- Born: 7 November 1952 (age 73) Bad Schwartau, Schleswig-Holstein, West Germany
- Allegiance: West Germany (to 1990) Germany
- Branch: German Navy
- Service years: 1972–2012
- Rank: Vizeadmiral
- Commands: Deputy Inspector General of the Bundeswehr; Inspector of the Joint Support Service; CS Armed Forces Staff;
- Awards: Cross of the Order of Merit of the Federal Republic of Germany

= Wolfram Kühn =

German Navy vice admiral (born 1952)

Wolfram Kühn (born 7 November 1952) is a retired German Navy vice admiral. He served as Deputy Inspector General of the Bundeswehr and Inspector of the Joint Support Service from 2006 to his retirement in 2012.

== Military career ==
Kühn entered the Bundeswehr in 1972. After basic naval officer training, he studied Economics and Business Administration at the University of the Bundeswehr Munich. After graduating in 1977, he served on the Destroyer Schleswig-Holstein as a CIC officer. In 1979, he was promoted to Kapitänleutnant (captain lieutenant) and assigned to the Territorial Command of Schleswig-Holstein as Adjutant of the commander, who was also the highest German responsible within NATO's Allied Forces Northern Europe (AFNORTH). From 1982 to 1984, Kühn served as department head of the supply department on Frigate Rheinland-Pfalz. Selected for the Admiral Staff Officer Course at the Führungsakademie der Bundeswehr it was during this course that he was promoted to Korvettenkapitän (corvette captain).

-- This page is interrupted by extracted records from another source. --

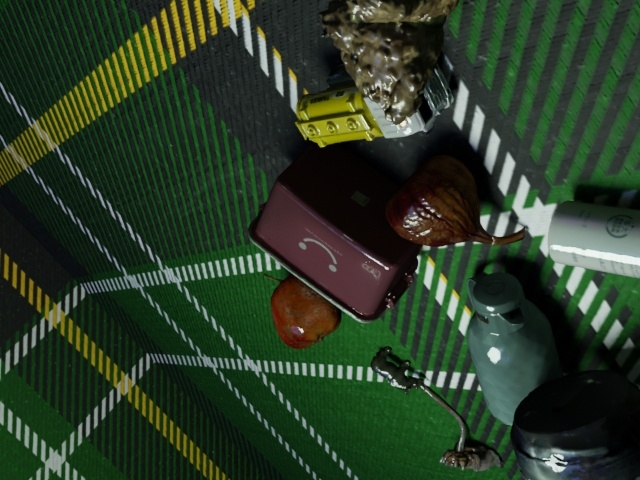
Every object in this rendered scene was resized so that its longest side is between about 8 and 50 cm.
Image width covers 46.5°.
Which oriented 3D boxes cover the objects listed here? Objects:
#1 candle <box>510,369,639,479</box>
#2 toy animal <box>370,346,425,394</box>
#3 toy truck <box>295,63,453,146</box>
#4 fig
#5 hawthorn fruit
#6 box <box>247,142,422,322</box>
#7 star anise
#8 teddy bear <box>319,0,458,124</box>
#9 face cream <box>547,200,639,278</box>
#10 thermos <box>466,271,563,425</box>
[{"bbox_3d":[0.434,0.386,1.140,0.221,0.221,0.342,-6,109,53],"label":"candle"},{"bbox_3d":[0.175,0.299,1.668,0.136,0.065,0.047,34,151,10],"label":"toy animal"},{"bbox_3d":[0.070,-0.193,1.062,0.227,0.114,0.098,1,132,49],"label":"toy truck"},{"bbox_3d":[0.203,-0.032,1.126,0.201,0.133,0.146,37,162,-11],"label":"fig"},{"bbox_3d":[-0.049,0.133,1.646,0.203,0.163,0.162,56,153,10],"label":"hawthorn fruit"},{"bbox_3d":[0.042,-0.026,1.262,0.294,0.193,0.167,36,143,9],"label":"box"},{"bbox_3d":[0.308,0.425,1.737,0.148,0.219,0.227,-143,51,-85],"label":"star anise"},{"bbox_3d":[0.052,-0.311,0.827,0.296,0.246,0.222,35,116,-25],"label":"teddy bear"},{"bbox_3d":[0.445,0.012,0.926,0.311,0.092,0.092,13,141,41],"label":"face cream"},{"bbox_3d":[0.317,0.168,1.261,0.286,0.145,0.182,66,176,-35],"label":"thermos"}]
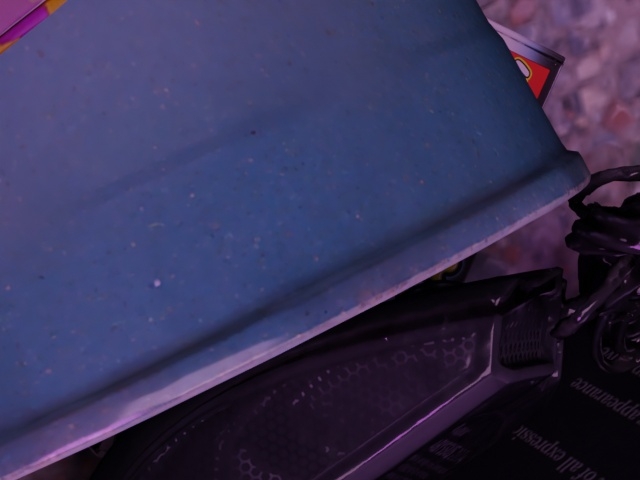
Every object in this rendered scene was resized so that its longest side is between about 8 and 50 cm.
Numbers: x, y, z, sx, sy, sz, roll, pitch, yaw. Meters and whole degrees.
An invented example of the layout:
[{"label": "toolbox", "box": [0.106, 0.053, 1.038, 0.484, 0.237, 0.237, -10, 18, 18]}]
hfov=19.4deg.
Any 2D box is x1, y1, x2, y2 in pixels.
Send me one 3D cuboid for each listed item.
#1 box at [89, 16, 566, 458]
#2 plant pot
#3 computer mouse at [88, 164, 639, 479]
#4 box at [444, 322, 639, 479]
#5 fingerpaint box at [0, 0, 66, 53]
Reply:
[{"label": "box", "box": [0.000, 0.000, 0.714, 0.114, 0.036, 0.207, 22, 94, -25]}, {"label": "plant pot", "box": [-0.100, -0.074, 0.541, 0.272, 0.272, 0.255, -26, 90, -14]}, {"label": "computer mouse", "box": [0.014, 0.055, 0.650, 0.272, 0.188, 0.072, -34, 75, -1]}, {"label": "box", "box": [0.106, 0.220, 0.669, 0.395, 0.293, 0.212, -36, 113, -10]}, {"label": "fingerpaint box", "box": [-0.327, -0.116, 0.341, 0.371, 0.163, 0.445, -29, 105, 29]}]
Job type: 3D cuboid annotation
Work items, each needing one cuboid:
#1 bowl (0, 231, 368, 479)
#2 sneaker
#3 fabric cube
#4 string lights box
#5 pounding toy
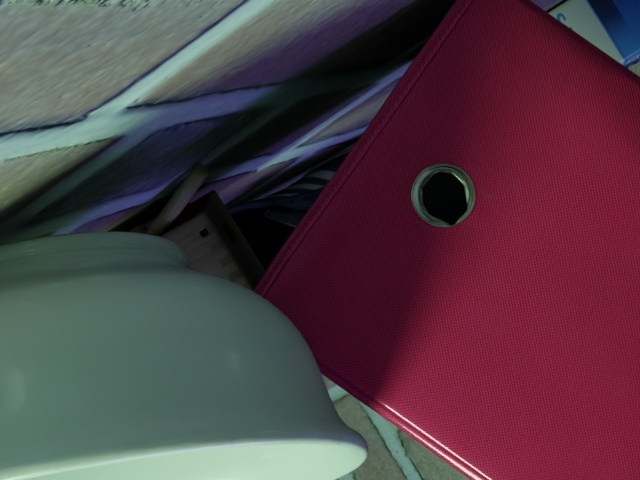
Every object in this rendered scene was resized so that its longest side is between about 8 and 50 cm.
[{"bbox_3d":[-0.130,0.079,0.807,0.297,0.134,0.298,-9,164,-3],"label":"bowl"},{"bbox_3d":[0.000,0.000,1.337,0.350,0.131,0.148,-30,-179,-26],"label":"sneaker"},{"bbox_3d":[0.128,0.020,0.978,0.254,0.258,0.259,-54,177,-1],"label":"fabric cube"},{"bbox_3d":[0.328,-0.233,1.366,0.259,0.077,0.133,-32,177,7],"label":"string lights box"},{"bbox_3d":[-0.104,0.014,1.037,0.130,0.100,0.141,-31,-172,5],"label":"pounding toy"}]
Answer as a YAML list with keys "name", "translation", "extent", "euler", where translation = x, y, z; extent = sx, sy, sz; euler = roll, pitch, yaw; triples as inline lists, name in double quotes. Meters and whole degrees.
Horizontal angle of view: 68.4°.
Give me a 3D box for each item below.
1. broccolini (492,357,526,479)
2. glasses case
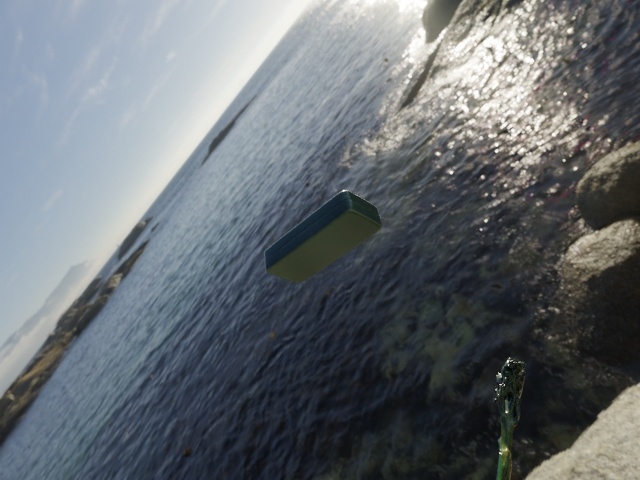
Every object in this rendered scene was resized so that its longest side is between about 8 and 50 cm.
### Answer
- name: "broccolini"
  translation: [0.256, 0.286, 0.679]
  extent: [0.057, 0.071, 0.255]
  euler: [-22, 30, 50]
- name: "glasses case"
  translation: [0.000, 0.000, 0.706]
  extent: [0.184, 0.077, 0.040]
  euler: [-36, 47, 32]
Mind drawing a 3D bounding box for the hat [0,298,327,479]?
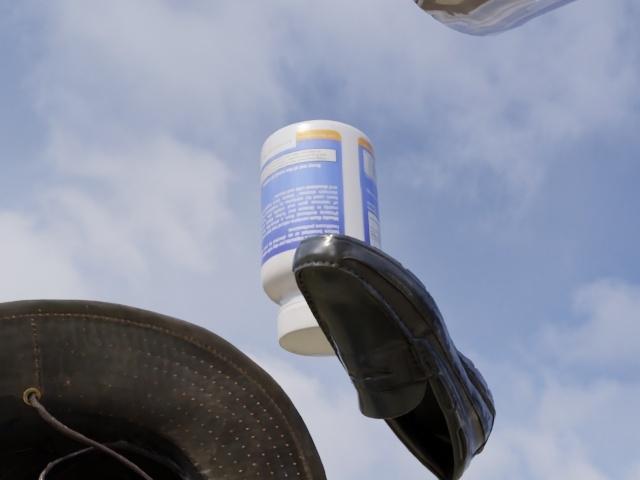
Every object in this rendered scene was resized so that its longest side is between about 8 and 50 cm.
[{"bbox_3d":[-0.162,0.189,0.459,0.331,0.331,0.134,25,-29,-13],"label":"hat"}]

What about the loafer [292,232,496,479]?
[{"bbox_3d":[0.052,0.085,0.561,0.076,0.078,0.223,-11,-50,39],"label":"loafer"}]

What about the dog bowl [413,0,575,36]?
[{"bbox_3d":[0.095,-0.266,0.334,0.102,0.348,0.348,-2,-41,35],"label":"dog bowl"}]

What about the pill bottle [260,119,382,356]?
[{"bbox_3d":[0.000,0.000,1.025,0.152,0.271,0.152,-1,-26,-1],"label":"pill bottle"}]
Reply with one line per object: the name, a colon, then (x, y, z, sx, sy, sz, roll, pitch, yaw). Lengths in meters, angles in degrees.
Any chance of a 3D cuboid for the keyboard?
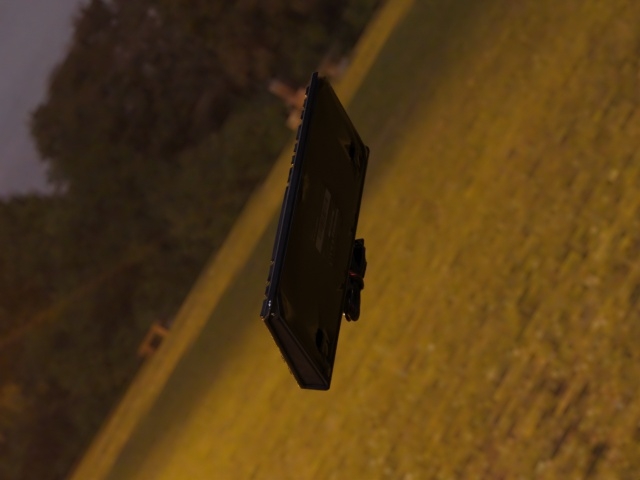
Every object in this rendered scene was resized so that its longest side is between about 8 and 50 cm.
keyboard: (0.000, 0.000, 1.021, 0.108, 0.023, 0.180, 57, -146, -44)
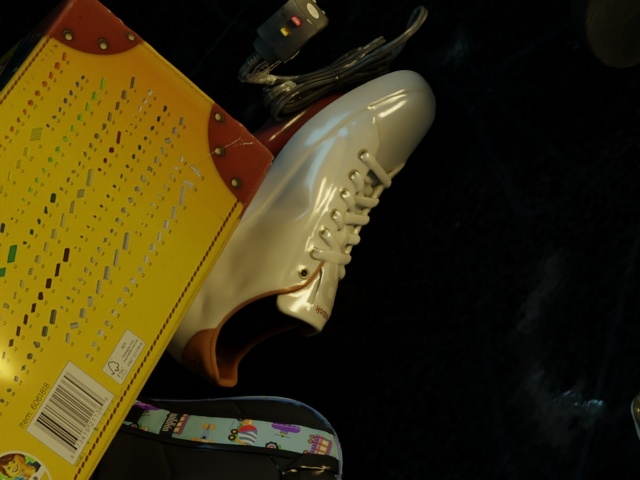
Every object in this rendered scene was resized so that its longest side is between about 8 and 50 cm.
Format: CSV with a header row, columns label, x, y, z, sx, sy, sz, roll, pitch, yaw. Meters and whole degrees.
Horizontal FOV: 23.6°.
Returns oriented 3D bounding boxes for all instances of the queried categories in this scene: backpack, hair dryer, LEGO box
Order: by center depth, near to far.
label,x,y,z,sx,sy,sz,roll,pitch,yaw
backpack,-0.067,0.184,1.037,0.173,0.117,0.158,-3,49,8
LEGO box,-0.295,0.112,1.066,0.372,0.193,0.500,-28,27,49
hair dryer,-0.033,-0.076,1.256,0.293,0.223,0.080,-46,68,25

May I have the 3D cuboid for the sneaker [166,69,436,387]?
label,x,y,z,sx,sy,sz,roll,pitch,yaw
sneaker,0.000,0.000,1.182,0.290,0.106,0.123,-44,59,3

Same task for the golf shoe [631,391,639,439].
label,x,y,z,sx,sy,sz,roll,pitch,yaw
golf shoe,0.213,0.139,0.780,0.069,0.086,0.176,-46,35,3

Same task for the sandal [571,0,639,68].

From 1986 to 1987, Kühn served as an instructor and company commander at the Navy Supply School in List (Sylt). From 1988 to 1989, he again was posted at the Territorial Command of Schleswig-Holstein, this time as a logistics staff officer (G4). Later he served at the Ministry of Defense in Bonn until 1991. From 1991 until 1993, Kühn was assigned to the Navy Supply School as Division Commander and Vice Commander of the school. During the next two years he again served at the Ministry of Defense within the Navy Staff and was responsible for general issues, logistics and procurement. In 1994, he studied at the Defence Resources Management Institute (DRMI) of the Naval Postgraduate School in Monterey, California.

Back in Germany from 1994 to 1997, he served as Chief Financial Officer in the Navy Support Command in Wilhelmshaven. From 1997 to 1998, he studied at the National War College in Washington, D.C. and gained a Master of Science in National Security Strategy. From 1998 to 2001, he was assigned to the Federal Ministry of Defence as a section chief. From 2001 to 2002, Kühn served as Chief of Staff of the Joint Support Command. From 2002 to 2002, he was Staff Department Chief in the Navy Staff. In 2004, he was Chief of Staff of the Inspector General of the Bundeswehr. In 2006, he was promoted to Vizeadmiral (vice admiral) and appointed Inspector of the Joint Support Service and Deputy Inspector General of the Bundeswehr. On 28 March 2012, Kühn handed over his post to Manfred Nielson, his retirement from military service marked by a Großer Zapfenstreich.